**Directions for this task**
Among the entries that follow, how many lines contain the string "Light"? Answer with that number only.

[Collection entries]
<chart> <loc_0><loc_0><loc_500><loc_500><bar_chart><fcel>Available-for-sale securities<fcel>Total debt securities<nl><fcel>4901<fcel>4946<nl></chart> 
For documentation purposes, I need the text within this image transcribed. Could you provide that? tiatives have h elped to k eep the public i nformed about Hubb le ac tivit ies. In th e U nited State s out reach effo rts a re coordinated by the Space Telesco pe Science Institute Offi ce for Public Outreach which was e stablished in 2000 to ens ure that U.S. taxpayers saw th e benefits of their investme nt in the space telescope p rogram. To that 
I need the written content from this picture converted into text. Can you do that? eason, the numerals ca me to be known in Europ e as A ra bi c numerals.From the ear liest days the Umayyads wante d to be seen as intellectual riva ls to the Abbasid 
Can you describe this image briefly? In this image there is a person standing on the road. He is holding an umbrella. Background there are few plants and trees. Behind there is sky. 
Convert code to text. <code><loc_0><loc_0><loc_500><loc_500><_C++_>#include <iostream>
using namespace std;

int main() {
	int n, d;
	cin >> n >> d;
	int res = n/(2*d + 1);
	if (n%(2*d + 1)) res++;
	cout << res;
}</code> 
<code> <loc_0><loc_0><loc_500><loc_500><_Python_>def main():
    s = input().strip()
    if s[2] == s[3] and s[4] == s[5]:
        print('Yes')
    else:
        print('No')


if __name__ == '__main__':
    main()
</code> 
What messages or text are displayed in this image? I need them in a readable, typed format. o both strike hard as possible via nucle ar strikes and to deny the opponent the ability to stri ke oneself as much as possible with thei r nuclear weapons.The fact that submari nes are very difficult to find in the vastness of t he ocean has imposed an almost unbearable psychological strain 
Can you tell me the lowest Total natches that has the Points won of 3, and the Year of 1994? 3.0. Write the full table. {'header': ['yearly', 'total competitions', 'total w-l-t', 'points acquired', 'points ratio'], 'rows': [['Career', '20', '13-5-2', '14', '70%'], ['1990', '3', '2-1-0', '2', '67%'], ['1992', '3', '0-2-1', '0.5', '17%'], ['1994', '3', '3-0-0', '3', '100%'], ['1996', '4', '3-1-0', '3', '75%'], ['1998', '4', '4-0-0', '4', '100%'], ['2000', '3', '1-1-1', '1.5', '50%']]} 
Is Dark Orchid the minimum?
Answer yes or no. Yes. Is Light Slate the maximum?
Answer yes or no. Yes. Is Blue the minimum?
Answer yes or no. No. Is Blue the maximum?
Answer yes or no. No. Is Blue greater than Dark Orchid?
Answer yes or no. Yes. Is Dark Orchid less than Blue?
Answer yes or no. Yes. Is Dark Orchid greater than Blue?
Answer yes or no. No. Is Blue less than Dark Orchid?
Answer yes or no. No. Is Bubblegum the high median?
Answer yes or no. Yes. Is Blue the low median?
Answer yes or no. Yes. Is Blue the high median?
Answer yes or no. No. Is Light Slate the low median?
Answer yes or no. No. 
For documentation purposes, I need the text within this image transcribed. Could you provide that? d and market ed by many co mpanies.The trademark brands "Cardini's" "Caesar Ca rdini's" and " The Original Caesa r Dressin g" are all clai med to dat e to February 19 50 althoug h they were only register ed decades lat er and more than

**Output of the task**
2